(Items listed in a dataset)
▼▼▼
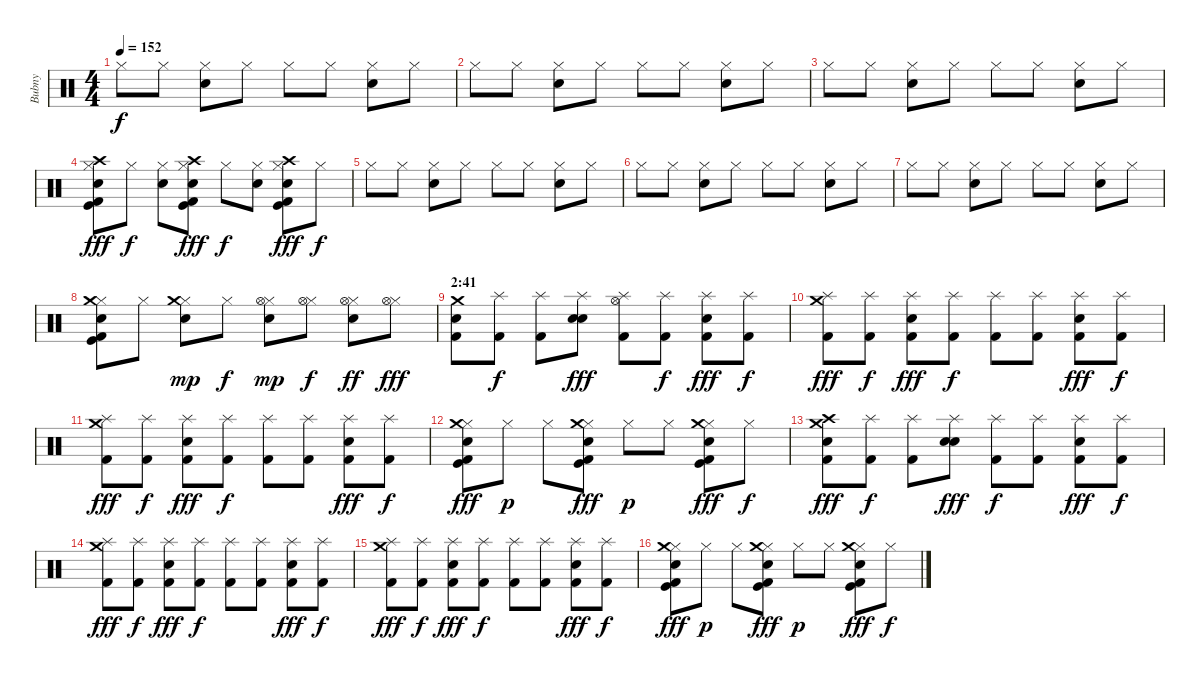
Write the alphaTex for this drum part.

\track ("Bubny" "Bubny") {instrument percussion}
\staff {score}
\articulation defaults
\ts (4 4)
\tempo 152
\clef neutral
\ks c "Hi-Hat (closed)".8{dy f} "Hi-Hat (closed)".8
("Hi-Hat (closed)" "Snare (hit) 2").8 "Hi-Hat (closed)".8 "Hi-Hat (closed)".8 "Hi-Hat (closed)".8 ("Hi-Hat (closed)" "Snare (hit) 2").8 "Hi-Hat (closed)".8 |
"Hi-Hat (closed)".8 "Hi-Hat (closed)".8 ("Hi-Hat (closed)" "Snare (hit) 2").8 "Hi-Hat (closed)".8 "Hi-Hat (closed)".8 "Hi-Hat (closed)".8 ("Hi-Hat (closed)" "Snare (hit) 2").8 "Hi-Hat (closed)".8 |
"Hi-Hat (closed)".8 "Hi-Hat (closed)".8 ("Hi-Hat (closed)" "Snare (hit) 2").8 "Hi-Hat (closed)".8 "Hi-Hat (closed)".8 "Hi-Hat (closed)".8 ("Hi-Hat (closed)" "Snare (hit) 2").8 "Hi-Hat (closed)".8 |
("Hi-Hat (closed)" "Crash high (hit)" "Kick (hit) 2" "Kick (hit)" "Snare (hit) 2").8{dy fff} "Hi-Hat (closed)".8{dy f} ("Hi-Hat (closed)" "Snare (hit) 2").8 ("Hi-Hat (closed)" "Crash high (hit)" "Kick (hit) 2" "Kick (hit)" "Snare (hit) 2").8{dy fff} "Hi-Hat (closed)".8{dy f} ("Hi-Hat (closed)" "Snare (hit) 2").8 ("Hi-Hat (closed)" "Crash high (hit)" "Kick (hit) 2" "Kick (hit)" "Snare (hit) 2").8{dy fff} "Hi-Hat (closed)".8{dy f} |
"Hi-Hat (closed)".8 "Hi-Hat (closed)".8 ("Hi-Hat (closed)" "Snare (hit) 2").8 "Hi-Hat (closed)".8 "Hi-Hat (closed)".8 "Hi-Hat (closed)".8 ("Hi-Hat (closed)" "Snare (hit) 2").8 "Hi-Hat (closed)".8 |
"Hi-Hat (closed)".8 "Hi-Hat (closed)".8 ("Hi-Hat (closed)" "Snare (hit) 2").8 "Hi-Hat (closed)".8 "Hi-Hat (closed)".8 "Hi-Hat (closed)".8 ("Hi-Hat (closed)" "Snare (hit) 2").8 "Hi-Hat (closed)".8 |
"Hi-Hat (closed)".8 "Hi-Hat (closed)".8 ("Hi-Hat (closed)" "Snare (hit) 2").8 "Hi-Hat (closed)".8 "Hi-Hat (closed)".8 "Hi-Hat (closed)".8 ("Hi-Hat (closed)" "Snare (hit) 2").8 "Hi-Hat (closed)".8 |
("Hi-Hat (closed)" "Snare (hit) 2" "Crash medium (hit)" "Kick (hit)" "Kick (hit) 2").8 "Hi-Hat (closed)".8 ("Hi-Hat (closed)" "Snare (hit) 2" "Crash medium (hit)").8{dy mp} "Hi-Hat (closed)".8{dy f} ("Hi-Hat (closed)" "Snare (hit) 2" "Hi-Hat (open)").8{dy mp} ("Hi-Hat (closed)" "Hi-Hat (open)").8{dy f} ("Hi-Hat (closed)" "Snare (hit) 2" "Hi-Hat (open)").8{dy ff} ("Hi-Hat (closed)" "Hi-Hat (open)").8{dy fff} |
\section ("" "2:41")
("Kick (hit) 2" "Electric Snare (hit)" "Crash medium (hit)").8 ("Splash (hit)" "Kick (hit) 2").8{dy f} ("Splash (hit)" "Kick (hit) 2").8 ("Splash (hit)" "Electric Snare (hit)" "Snare (hit) 2").8{dy fff} ("Splash (hit)" "Kick (hit) 2" "Hi-Hat (open)").8 ("Splash (hit)" "Kick (hit) 2").8{dy f} ("Splash (hit)" "Kick (hit) 2" "Snare (hit) 2").8{dy fff} ("Splash (hit)" "Kick (hit) 2").8{dy f} |
("Splash (hit)" "Kick (hit) 2" "Crash medium (hit)").8{dy fff} ("Splash (hit)" "Kick (hit) 2").8{dy f} ("Splash (hit)" "Kick (hit) 2" "Snare (hit) 2").8{dy fff} ("Splash (hit)" "Kick (hit) 2").8{dy f} ("Splash (hit)" "Kick (hit) 2").8 ("Splash (hit)" "Kick (hit) 2").8 ("Splash (hit)" "Kick (hit) 2" "Snare (hit) 2").8{dy fff} ("Splash (hit)" "Kick (hit) 2").8{dy f} |
("Splash (hit)" "Kick (hit) 2" "Crash medium (hit)").8{dy fff} ("Splash (hit)" "Kick (hit) 2").8{dy f} ("Splash (hit)" "Kick (hit) 2" "Snare (hit) 2").8{dy fff} ("Splash (hit)" "Kick (hit) 2").8{dy f} ("Splash (hit)" "Kick (hit) 2").8 ("Splash (hit)" "Kick (hit) 2").8 ("Splash (hit)" "Kick (hit) 2" "Snare (hit) 2").8{dy fff} ("Splash (hit)" "Kick (hit) 2").8{dy f} |
("Hi-Hat (closed)" "Crash medium (hit)" "Kick (hit) 2" "Kick (hit)" "Snare (hit) 2").8{dy fff} "Hi-Hat (closed)".8{dy p} "Hi-Hat (closed)".8 ("Hi-Hat (closed)" "Crash medium (hit)" "Kick (hit) 2" "Kick (hit)" "Snare (hit) 2").8{dy fff} "Hi-Hat (closed)".8{dy p} "Hi-Hat (closed)".8 ("Hi-Hat (closed)" "Crash medium (hit)" "Kick (hit) 2" "Kick (hit)" "Snare (hit) 2").8{dy fff} "Hi-Hat (closed)".8{dy f} |
("Kick (hit) 2" "Electric Snare (hit)" "Crash high (hit)" "Crash medium (hit)").8{dy fff} ("Splash (hit)" "Kick (hit) 2").8{dy f} ("Splash (hit)" "Kick (hit) 2").8 ("Splash (hit)" "Electric Snare (hit)" "Snare (hit) 2").8{dy fff} ("Splash (hit)" "Kick (hit) 2").8{dy f} ("Splash (hit)" "Kick (hit) 2").8 ("Splash (hit)" "Kick (hit) 2" "Snare (hit) 2").8{dy fff} ("Splash (hit)" "Kick (hit) 2").8{dy f} |
("Splash (hit)" "Kick (hit) 2" "Crash medium (hit)").8{dy fff} ("Splash (hit)" "Kick (hit) 2").8{dy f} ("Splash (hit)" "Kick (hit) 2" "Snare (hit) 2").8{dy fff} ("Splash (hit)" "Kick (hit) 2").8{dy f} ("Splash (hit)" "Kick (hit) 2").8 ("Splash (hit)" "Kick (hit) 2").8 ("Splash (hit)" "Kick (hit) 2" "Snare (hit) 2").8{dy fff} ("Splash (hit)" "Kick (hit) 2").8{dy f} |
("Splash (hit)" "Kick (hit) 2" "Crash medium (hit)").8{dy fff} ("Splash (hit)" "Kick (hit) 2").8{dy f} ("Splash (hit)" "Kick (hit) 2" "Snare (hit) 2").8{dy fff} ("Splash (hit)" "Kick (hit) 2").8{dy f} ("Splash (hit)" "Kick (hit) 2").8 ("Splash (hit)" "Kick (hit) 2").8 ("Splash (hit)" "Kick (hit) 2" "Snare (hit) 2").8{dy fff} ("Splash (hit)" "Kick (hit) 2").8{dy f} |
("Hi-Hat (closed)" "Crash medium (hit)" "Kick (hit) 2" "Kick (hit)" "Snare (hit) 2").8{dy fff} "Hi-Hat (closed)".8{dy p} "Hi-Hat (closed)".8 ("Hi-Hat (closed)" "Crash medium (hit)" "Kick (hit) 2" "Kick (hit)" "Snare (hit) 2").8{dy fff} "Hi-Hat (closed)".8{dy p} "Hi-Hat (closed)".8 ("Hi-Hat (closed)" "Crash medium (hit)" "Kick (hit) 2" "Kick (hit)" "Snare (hit) 2").8{dy fff} "Hi-Hat (closed)".8{dy f}
▲▲▲
Work order. Wherever the word "Electric" appears in the entries above, copy that whole line.

Reply to the exercise.
("Kick (hit) 2" "Electric Snare (hit)" "Crash medium (hit)").8 ("Splash (hit)" "Kick (hit) 2").8{dy f} ("Splash (hit)" "Kick (hit) 2").8 ("Splash (hit)" "Electric Snare (hit)" "Snare (hit) 2").8{dy fff} ("Splash (hit)" "Kick (hit) 2" "Hi-Hat (open)").8 ("Splash (hit)" "Kick (hit) 2").8{dy f} ("Splash (hit)" "Kick (hit) 2" "Snare (hit) 2").8{dy fff} ("Splash (hit)" "Kick (hit) 2").8{dy f} |
("Kick (hit) 2" "Electric Snare (hit)" "Crash high (hit)" "Crash medium (hit)").8{dy fff} ("Splash (hit)" "Kick (hit) 2").8{dy f} ("Splash (hit)" "Kick (hit) 2").8 ("Splash (hit)" "Electric Snare (hit)" "Snare (hit) 2").8{dy fff} ("Splash (hit)" "Kick (hit) 2").8{dy f} ("Splash (hit)" "Kick (hit) 2").8 ("Splash (hit)" "Kick (hit) 2" "Snare (hit) 2").8{dy fff} ("Splash (hit)" "Kick (hit) 2").8{dy f} |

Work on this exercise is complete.